--- EXERCISE DETAILS ---
Only lines with the word "whole" belong in the answer; copy them from the records below.

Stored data
/---

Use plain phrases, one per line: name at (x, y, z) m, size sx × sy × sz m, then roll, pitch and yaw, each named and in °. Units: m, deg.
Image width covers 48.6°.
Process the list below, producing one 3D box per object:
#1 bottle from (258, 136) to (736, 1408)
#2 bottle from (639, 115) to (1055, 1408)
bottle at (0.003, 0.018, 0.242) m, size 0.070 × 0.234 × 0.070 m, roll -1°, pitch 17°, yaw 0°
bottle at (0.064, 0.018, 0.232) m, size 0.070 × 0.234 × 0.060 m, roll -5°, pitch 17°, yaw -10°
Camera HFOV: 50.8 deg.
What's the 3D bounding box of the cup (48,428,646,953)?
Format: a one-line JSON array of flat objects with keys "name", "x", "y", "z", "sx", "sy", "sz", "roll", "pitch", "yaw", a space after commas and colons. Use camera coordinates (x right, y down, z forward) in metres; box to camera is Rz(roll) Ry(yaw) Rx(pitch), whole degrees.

\---
/---

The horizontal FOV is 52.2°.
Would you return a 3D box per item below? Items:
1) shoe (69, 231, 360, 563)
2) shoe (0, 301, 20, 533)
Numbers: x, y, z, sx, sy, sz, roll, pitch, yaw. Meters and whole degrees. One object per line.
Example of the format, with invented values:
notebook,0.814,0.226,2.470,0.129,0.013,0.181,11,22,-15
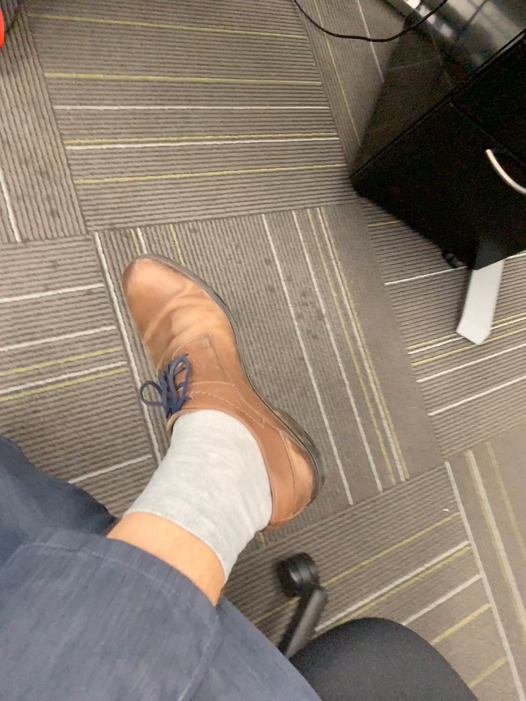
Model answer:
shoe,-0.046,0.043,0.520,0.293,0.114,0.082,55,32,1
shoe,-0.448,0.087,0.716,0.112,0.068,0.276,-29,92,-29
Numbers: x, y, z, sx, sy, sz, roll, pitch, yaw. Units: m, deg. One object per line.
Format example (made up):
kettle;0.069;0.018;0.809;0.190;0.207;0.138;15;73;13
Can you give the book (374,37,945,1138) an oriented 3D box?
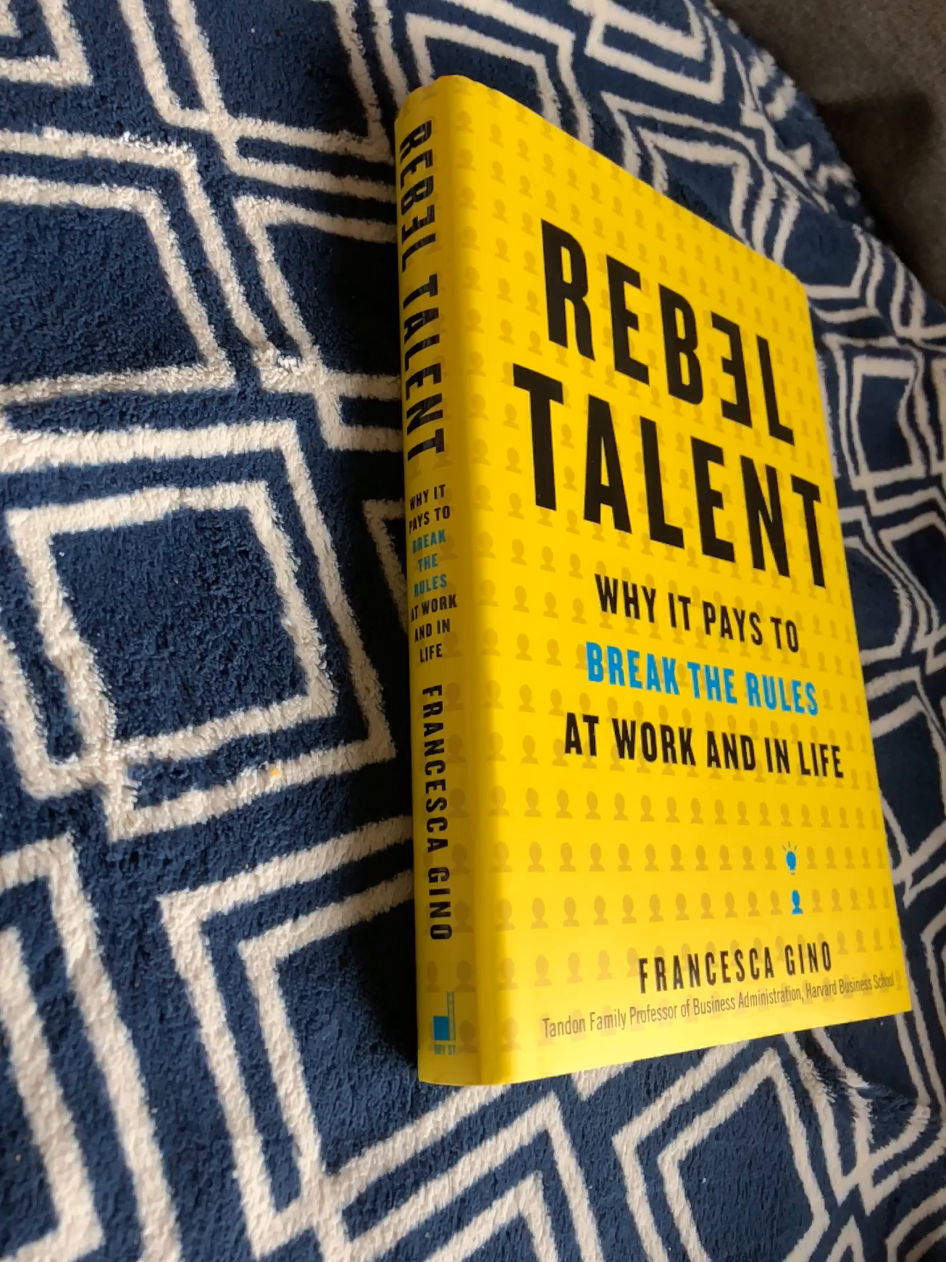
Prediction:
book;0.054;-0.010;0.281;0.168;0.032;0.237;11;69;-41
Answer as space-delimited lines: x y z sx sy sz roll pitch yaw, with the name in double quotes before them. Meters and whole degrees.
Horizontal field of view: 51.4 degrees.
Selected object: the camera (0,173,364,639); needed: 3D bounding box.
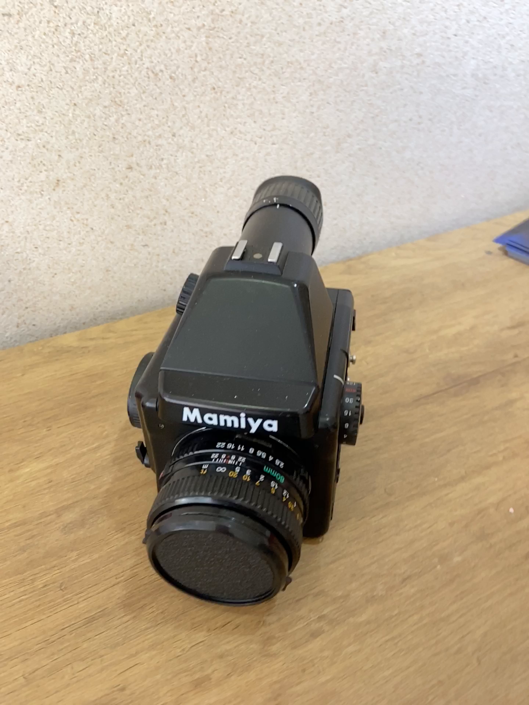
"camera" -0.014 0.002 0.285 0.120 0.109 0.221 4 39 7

\---

--- TASK SOLUTION ---
Format: a one-line JSON array of flat objects with keys "name", "x", "y", "z", "sx", "sy", "sz", "roll", "pitch", "yaw", a space after commas and colons. Use camera coordinates (x right, y down, z forward) in metres; box to camera is Rz(roll) Ry(yaw) Rx(pitch), whole degrees.
Numbers: x, y, z, sx, sy, sz, roll, pitch, yaw. Meters and whole degrees. One object per line.
Answer as space-delimited lines: x y z sx sy sz roll pitch yaw, with the name in double quotes before them. Meters and whole degrees.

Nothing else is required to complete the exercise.